**Exercise description**
Using the records below, filter out every line that lacks "Champion" and copy the rest.
(Entries shown)
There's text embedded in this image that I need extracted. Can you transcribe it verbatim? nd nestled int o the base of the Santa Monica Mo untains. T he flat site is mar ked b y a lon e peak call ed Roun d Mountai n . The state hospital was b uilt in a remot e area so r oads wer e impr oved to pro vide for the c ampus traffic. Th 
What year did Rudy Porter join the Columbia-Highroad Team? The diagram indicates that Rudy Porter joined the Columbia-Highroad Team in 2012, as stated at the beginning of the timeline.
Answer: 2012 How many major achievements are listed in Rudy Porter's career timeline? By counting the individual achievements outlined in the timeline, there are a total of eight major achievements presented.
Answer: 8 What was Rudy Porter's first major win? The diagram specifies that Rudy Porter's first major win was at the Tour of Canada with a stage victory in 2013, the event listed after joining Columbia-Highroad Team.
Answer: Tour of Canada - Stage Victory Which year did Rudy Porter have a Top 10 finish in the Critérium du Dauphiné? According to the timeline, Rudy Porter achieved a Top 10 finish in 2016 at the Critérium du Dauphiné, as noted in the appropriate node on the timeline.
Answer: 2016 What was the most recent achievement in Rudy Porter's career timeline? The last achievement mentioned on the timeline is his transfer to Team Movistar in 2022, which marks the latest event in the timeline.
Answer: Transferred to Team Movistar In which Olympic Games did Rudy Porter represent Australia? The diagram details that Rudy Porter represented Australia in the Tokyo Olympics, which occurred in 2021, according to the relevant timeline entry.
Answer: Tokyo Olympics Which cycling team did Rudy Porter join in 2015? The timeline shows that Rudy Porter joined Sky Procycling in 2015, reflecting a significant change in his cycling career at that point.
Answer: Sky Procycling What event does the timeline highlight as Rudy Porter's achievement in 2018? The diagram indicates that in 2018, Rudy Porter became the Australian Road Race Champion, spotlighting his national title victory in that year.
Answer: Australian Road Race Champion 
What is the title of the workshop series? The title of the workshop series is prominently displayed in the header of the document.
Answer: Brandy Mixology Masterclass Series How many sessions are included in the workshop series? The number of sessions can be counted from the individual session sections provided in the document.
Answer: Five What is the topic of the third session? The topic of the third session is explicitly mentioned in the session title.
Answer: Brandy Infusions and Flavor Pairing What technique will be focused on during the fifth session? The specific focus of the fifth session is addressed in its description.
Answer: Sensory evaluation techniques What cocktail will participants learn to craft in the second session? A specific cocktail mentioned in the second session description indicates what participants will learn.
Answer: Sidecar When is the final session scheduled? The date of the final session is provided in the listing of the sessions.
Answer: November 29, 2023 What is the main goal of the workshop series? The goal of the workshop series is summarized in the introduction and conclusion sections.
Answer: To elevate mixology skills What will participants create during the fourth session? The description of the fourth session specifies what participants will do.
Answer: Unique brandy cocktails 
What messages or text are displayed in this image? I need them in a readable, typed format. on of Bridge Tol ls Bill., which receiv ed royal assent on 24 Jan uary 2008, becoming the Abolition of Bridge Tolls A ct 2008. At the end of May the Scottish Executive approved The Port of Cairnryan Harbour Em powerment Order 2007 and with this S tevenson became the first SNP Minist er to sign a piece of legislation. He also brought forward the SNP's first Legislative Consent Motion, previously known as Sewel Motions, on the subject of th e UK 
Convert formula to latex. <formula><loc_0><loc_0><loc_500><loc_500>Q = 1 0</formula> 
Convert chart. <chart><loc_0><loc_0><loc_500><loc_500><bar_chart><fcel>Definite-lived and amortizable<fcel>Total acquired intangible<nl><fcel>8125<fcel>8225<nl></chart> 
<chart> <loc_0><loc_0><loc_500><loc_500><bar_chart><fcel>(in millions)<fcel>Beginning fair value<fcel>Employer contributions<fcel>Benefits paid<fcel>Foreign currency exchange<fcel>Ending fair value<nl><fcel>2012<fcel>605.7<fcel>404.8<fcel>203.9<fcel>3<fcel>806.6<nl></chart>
(End Entries shown)
**Result for this task**
Answer: Sky Procycling What event does the timeline highlight as Rudy Porter's achievement in 2018? The diagram indicates that in 2018, Rudy Porter became the Australian Road Race Champion, spotlighting his national title victory in that year.
Answer: Australian Road Race Champion 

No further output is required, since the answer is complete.